== Dataset records ==
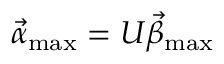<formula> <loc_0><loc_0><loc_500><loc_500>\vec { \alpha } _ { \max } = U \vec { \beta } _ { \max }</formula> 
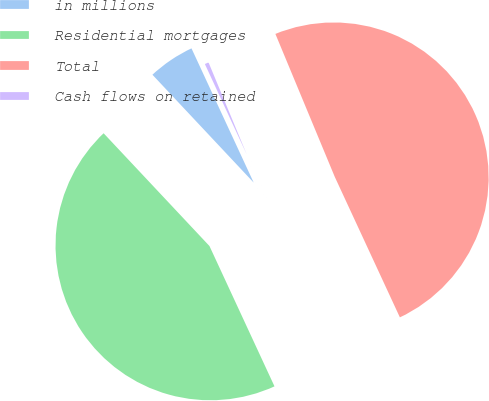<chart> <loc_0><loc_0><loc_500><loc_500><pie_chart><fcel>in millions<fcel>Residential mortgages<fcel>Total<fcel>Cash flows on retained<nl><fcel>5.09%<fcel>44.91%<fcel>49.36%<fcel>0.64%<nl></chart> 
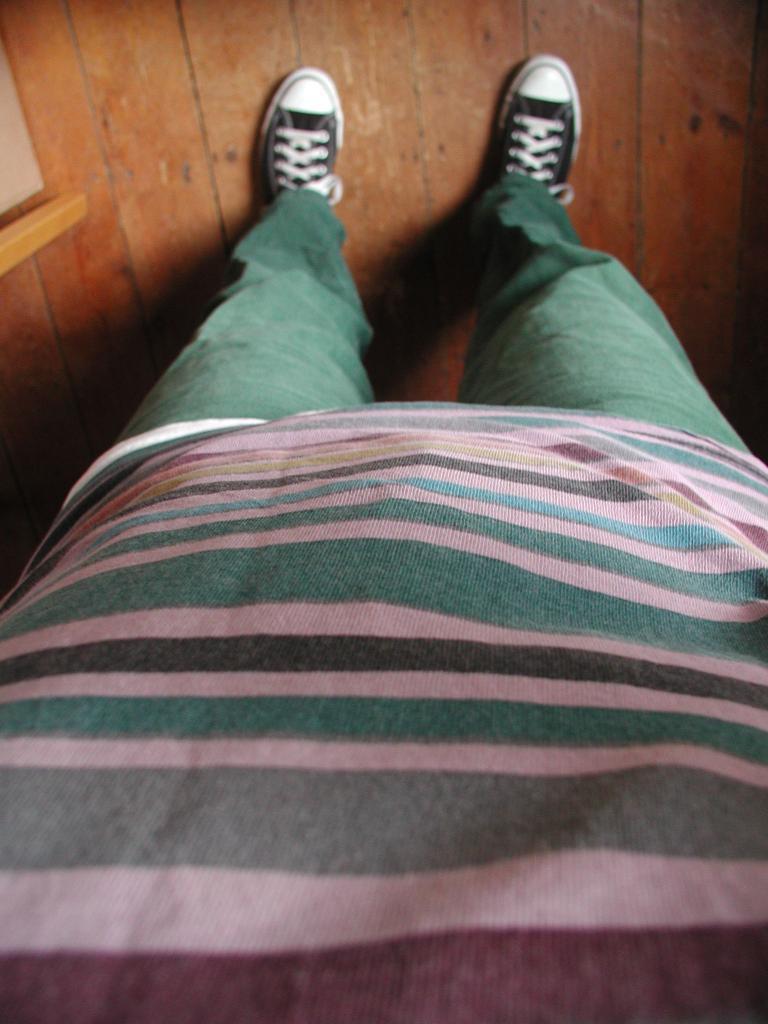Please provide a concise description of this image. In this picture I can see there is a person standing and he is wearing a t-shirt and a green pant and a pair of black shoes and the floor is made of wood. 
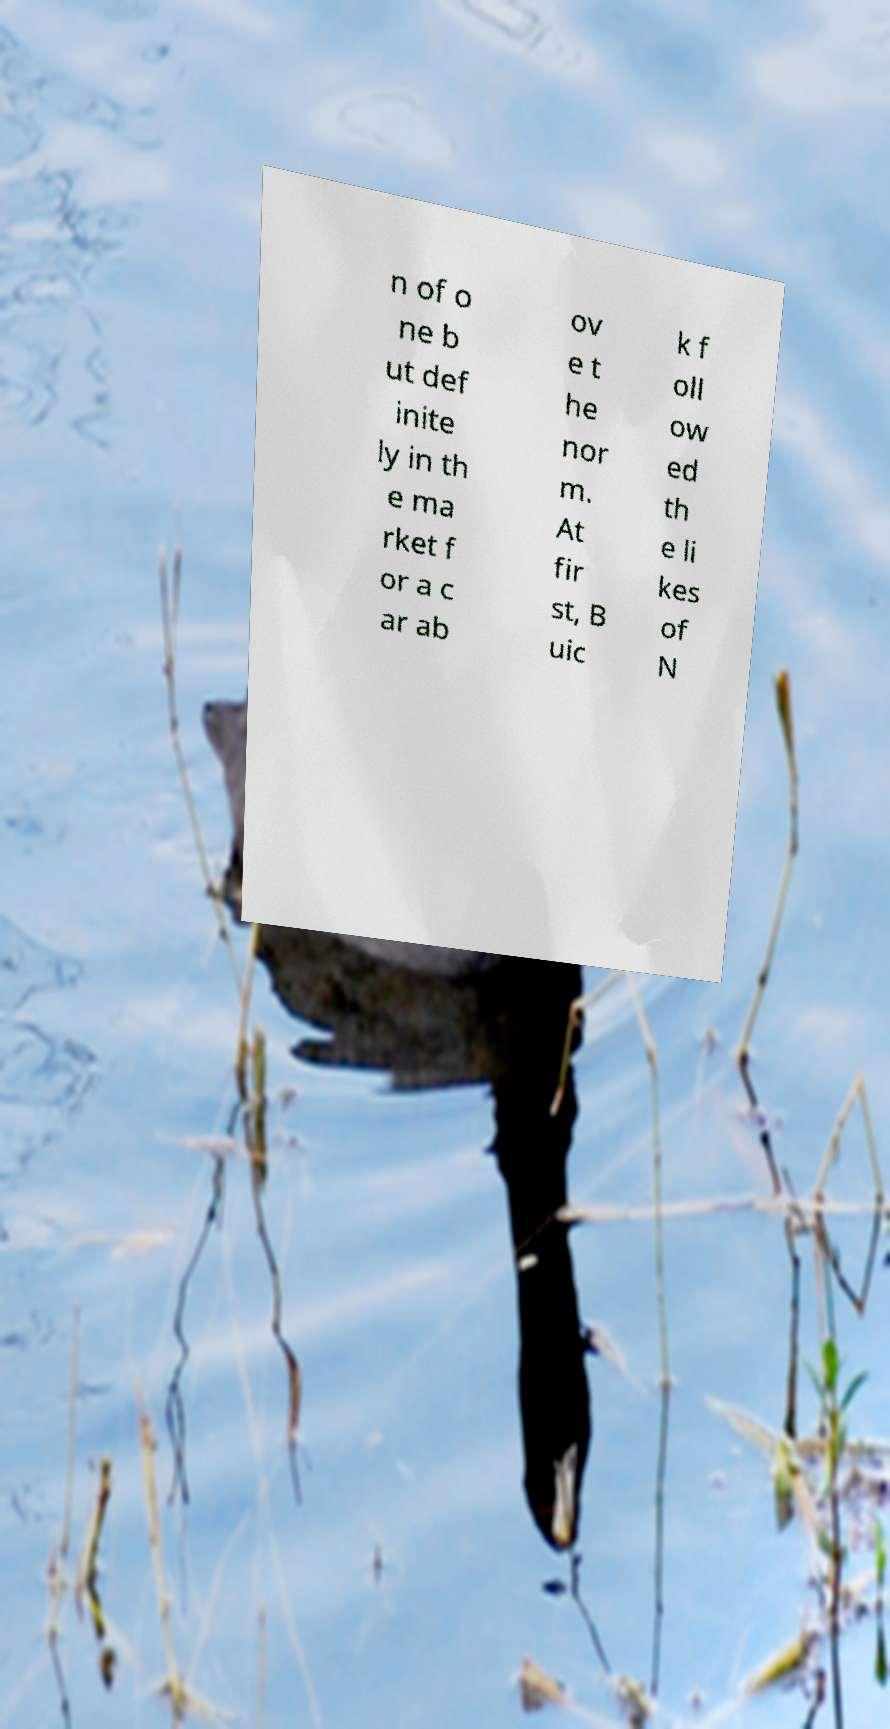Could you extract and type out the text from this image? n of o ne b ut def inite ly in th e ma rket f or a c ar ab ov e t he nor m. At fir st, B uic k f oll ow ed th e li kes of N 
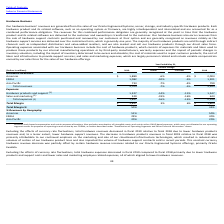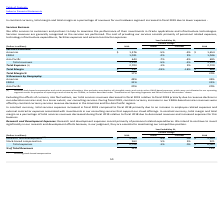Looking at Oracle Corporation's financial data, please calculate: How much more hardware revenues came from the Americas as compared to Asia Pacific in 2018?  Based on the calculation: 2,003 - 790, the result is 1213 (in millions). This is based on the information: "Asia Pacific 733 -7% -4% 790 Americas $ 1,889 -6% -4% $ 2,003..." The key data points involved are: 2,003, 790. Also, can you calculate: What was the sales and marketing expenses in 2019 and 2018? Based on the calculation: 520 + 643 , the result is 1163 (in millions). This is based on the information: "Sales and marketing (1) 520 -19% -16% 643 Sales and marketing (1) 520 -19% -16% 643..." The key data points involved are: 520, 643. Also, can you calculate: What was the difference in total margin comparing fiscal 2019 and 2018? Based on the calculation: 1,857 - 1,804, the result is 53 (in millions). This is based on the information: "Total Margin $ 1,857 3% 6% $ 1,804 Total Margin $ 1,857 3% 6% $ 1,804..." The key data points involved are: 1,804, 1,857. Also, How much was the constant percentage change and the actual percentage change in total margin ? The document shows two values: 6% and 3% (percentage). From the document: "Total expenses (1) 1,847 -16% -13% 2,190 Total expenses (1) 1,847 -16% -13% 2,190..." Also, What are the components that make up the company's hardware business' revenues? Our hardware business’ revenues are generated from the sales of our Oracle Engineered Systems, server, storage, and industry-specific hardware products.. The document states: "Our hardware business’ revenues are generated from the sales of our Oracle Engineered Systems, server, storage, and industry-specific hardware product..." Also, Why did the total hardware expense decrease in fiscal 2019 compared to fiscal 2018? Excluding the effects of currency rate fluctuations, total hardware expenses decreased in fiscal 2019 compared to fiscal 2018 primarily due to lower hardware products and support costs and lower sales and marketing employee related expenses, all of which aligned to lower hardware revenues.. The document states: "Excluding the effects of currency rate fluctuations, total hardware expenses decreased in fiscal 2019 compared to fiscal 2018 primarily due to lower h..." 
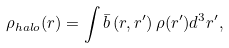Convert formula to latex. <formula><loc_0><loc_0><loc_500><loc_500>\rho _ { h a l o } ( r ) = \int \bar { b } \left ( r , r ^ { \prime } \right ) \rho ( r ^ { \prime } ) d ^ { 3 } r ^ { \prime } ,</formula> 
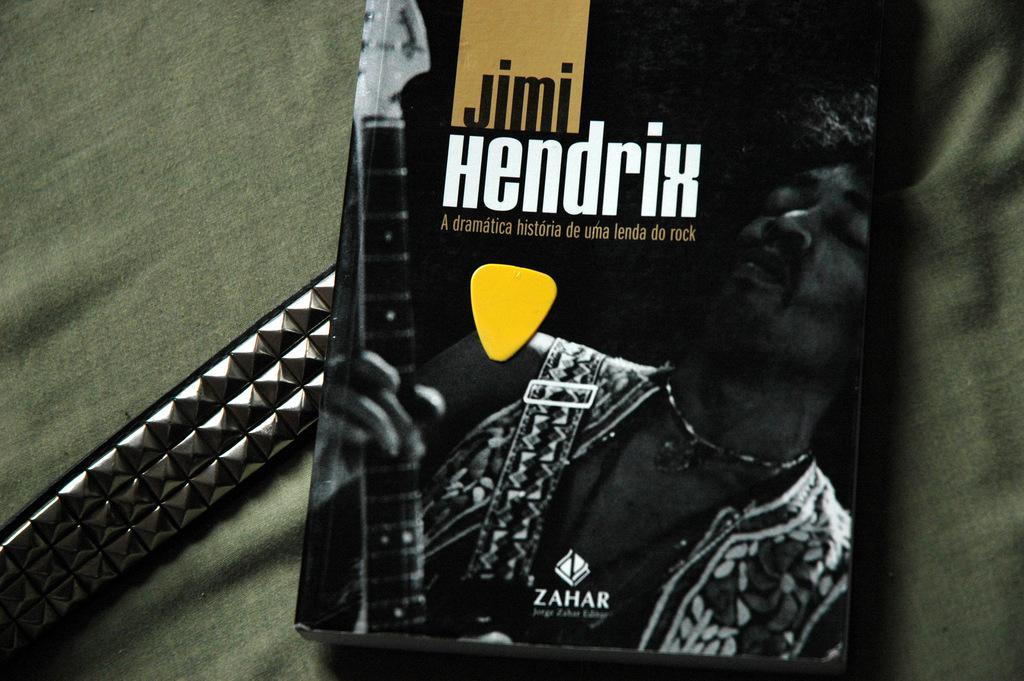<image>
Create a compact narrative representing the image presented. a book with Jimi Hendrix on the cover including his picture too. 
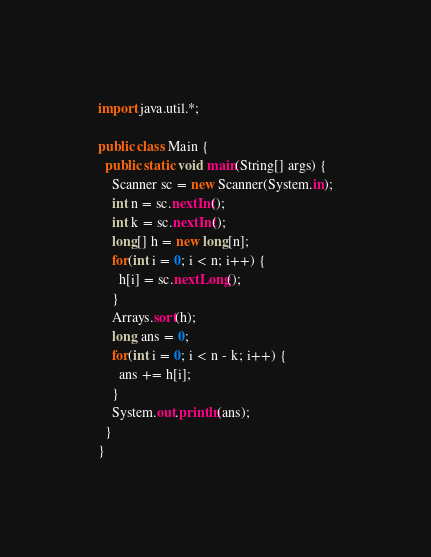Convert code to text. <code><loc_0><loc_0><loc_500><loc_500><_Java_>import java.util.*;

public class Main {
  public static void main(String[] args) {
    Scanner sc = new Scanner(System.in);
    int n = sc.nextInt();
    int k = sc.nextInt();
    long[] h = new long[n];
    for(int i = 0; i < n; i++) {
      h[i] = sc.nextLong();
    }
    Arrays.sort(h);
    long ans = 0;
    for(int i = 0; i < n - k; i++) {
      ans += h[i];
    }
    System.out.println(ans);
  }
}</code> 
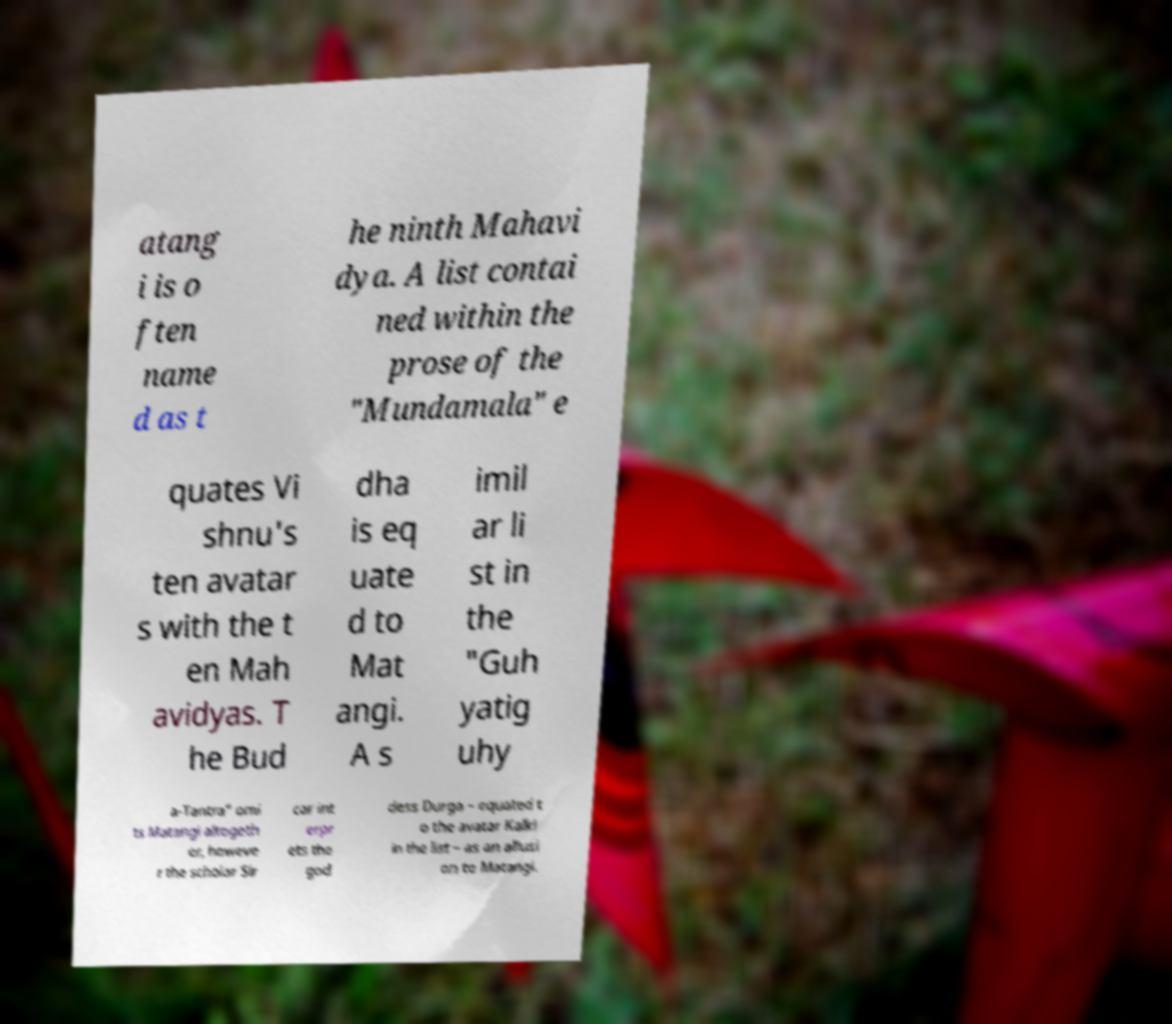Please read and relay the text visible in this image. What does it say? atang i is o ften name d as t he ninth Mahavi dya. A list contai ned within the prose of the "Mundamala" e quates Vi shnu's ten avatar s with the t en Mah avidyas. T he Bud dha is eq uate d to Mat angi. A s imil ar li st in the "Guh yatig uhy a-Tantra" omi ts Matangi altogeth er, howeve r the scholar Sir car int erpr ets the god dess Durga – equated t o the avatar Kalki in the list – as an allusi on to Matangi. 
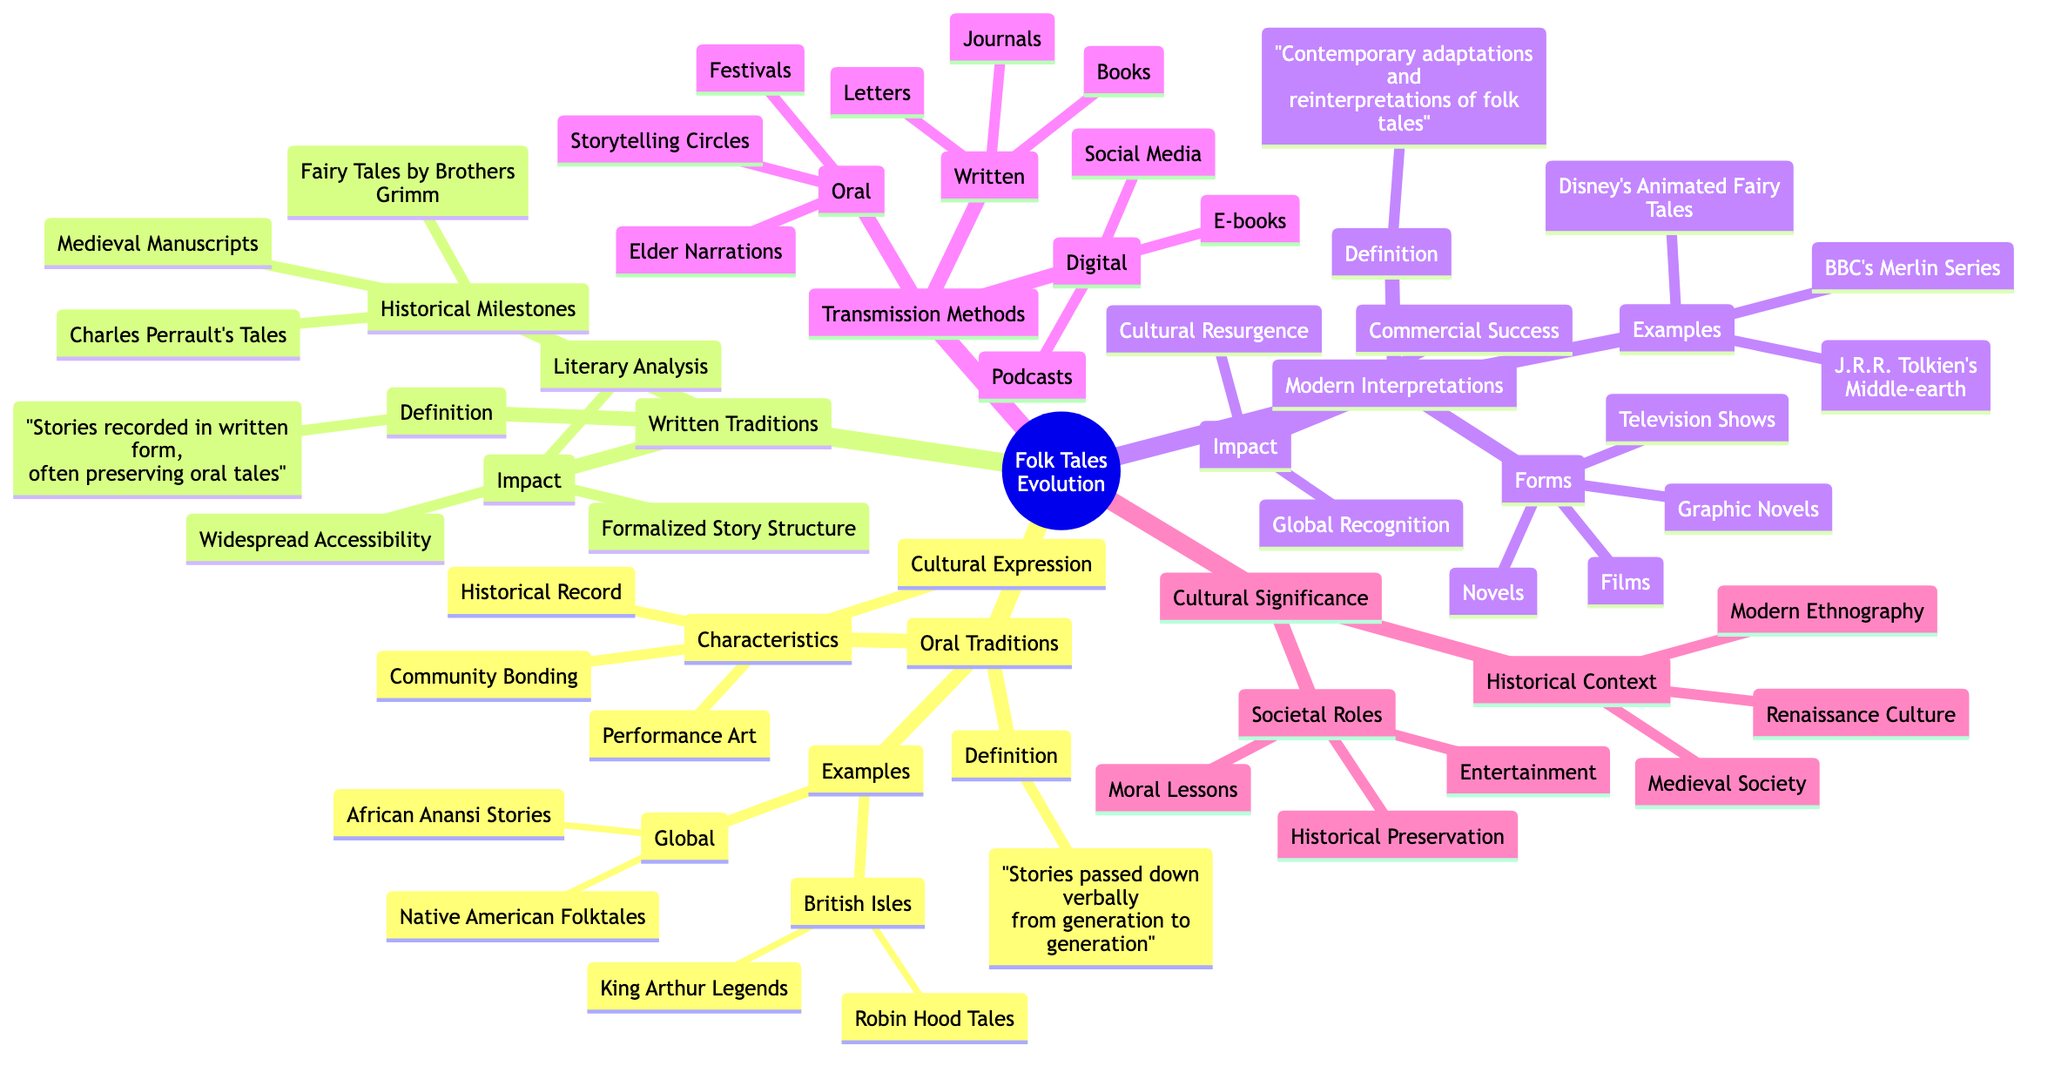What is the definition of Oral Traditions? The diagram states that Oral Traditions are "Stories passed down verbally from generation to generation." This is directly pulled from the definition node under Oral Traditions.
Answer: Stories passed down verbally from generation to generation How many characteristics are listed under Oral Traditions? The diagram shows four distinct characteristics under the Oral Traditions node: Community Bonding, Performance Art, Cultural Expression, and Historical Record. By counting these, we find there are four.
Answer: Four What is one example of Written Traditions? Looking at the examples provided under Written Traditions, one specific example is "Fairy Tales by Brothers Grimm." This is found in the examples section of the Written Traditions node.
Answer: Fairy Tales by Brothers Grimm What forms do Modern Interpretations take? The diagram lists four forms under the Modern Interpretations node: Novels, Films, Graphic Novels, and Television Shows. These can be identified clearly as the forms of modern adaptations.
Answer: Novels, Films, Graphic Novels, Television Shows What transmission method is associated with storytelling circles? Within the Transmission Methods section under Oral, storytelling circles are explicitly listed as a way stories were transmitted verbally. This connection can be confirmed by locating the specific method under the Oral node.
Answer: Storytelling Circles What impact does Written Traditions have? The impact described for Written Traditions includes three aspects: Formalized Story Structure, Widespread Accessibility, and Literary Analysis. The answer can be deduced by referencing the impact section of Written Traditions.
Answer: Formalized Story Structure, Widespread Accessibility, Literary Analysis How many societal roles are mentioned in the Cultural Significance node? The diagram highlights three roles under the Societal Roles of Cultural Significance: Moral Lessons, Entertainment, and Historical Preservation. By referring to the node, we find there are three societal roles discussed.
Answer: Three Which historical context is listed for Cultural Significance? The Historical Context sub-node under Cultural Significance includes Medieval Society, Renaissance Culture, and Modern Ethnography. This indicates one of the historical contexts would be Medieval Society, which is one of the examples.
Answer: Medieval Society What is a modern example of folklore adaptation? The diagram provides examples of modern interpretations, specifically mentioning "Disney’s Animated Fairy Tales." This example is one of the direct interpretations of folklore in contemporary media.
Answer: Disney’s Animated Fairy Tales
===
#### What you have to do
Which lines of the data contain the string "Society"? Copy each of them.

#### Problem solution
Answer: Three Which historical context is listed for Cultural Significance? The Historical Context sub-node under Cultural Significance includes Medieval Society, Renaissance Culture, and Modern Ethnography. This indicates one of the historical contexts would be Medieval Society, which is one of the examples.
Answer: Medieval Society What is a modern example of folklore adaptation? The diagram provides examples of modern interpretations, specifically mentioning "Disney’s Animated Fairy Tales." This example is one of the direct interpretations of folklore in contemporary media.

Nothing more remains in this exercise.